Samuel Delaney: February Portrait of the Month

Samuel R. Delany, New York, NY, 1987

American author, professor, and literary critic, Samuel R. Delany (b. 1942) is best known for his science fiction novels, including Babel-17 (1966), The Einstein Intersection (1967), Nova (1968), Dhalgren (1975), and the Return to Nevèrÿon series (1979–87).

Born in New York City and raised in Harlem, his father owned and ran a local funeral home, and his mother was a library clerk for the New York Public Library. Delany’s grandfather was the first African American Bishop of the Episcopal Church, and his aunts were pioneering civil rights activists, Sadie and Bessie Delany, whose adventures inspired two characters in “Atlantis: Model 1924,” the opening novella in his semi-autobiographical collection Atlantis: Three Tales (1995). As a child, Delany attended the Dalton School and the Bronx High School of Science. He dropped out of City College of New York after one semester, and by age 20, he published his first novel, The Jewels of Aptor (1962).

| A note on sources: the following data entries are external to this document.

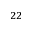<formula> <loc_0><loc_0><loc_500><loc_500>^ { 2 2 }</formula> 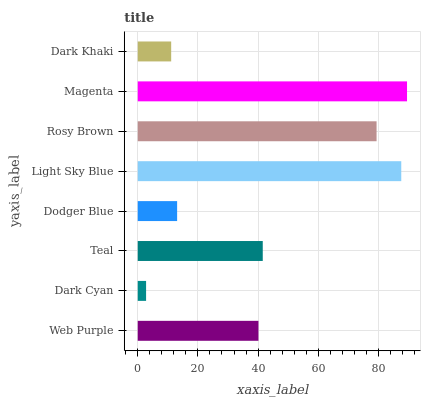Is Dark Cyan the minimum?
Answer yes or no. Yes. Is Magenta the maximum?
Answer yes or no. Yes. Is Teal the minimum?
Answer yes or no. No. Is Teal the maximum?
Answer yes or no. No. Is Teal greater than Dark Cyan?
Answer yes or no. Yes. Is Dark Cyan less than Teal?
Answer yes or no. Yes. Is Dark Cyan greater than Teal?
Answer yes or no. No. Is Teal less than Dark Cyan?
Answer yes or no. No. Is Teal the high median?
Answer yes or no. Yes. Is Web Purple the low median?
Answer yes or no. Yes. Is Dark Cyan the high median?
Answer yes or no. No. Is Magenta the low median?
Answer yes or no. No.

Although Delany has identified as gay since adolescence, he had a tumultuous, fourteen-year marriage with poet Marilyn Hacker, whom he met in high school; they separated in 1975 and divorced in 1980. Since 1991, he has been in a committed relationship with Dennis Rickett. Throughout his career, recurring themes in Delany’s novels have included mythology, memory, language, sexuality, and perception, while class and social mobility became more significant motifs in his later fiction and non-fiction writings. Even though he never earned a degree, he has held professorships at various universities since 1988 and has been professor of English and Creative Writing at Temple University in Philadelphia since 2001. He has won four Nebula awards and two Hugo awards for best science fiction works over the course of his career and was inducted into the Science Fiction and Fantasy Hall of Fame in 2002. His 2007 novel Dark Reflections won a Stonewall Book Award.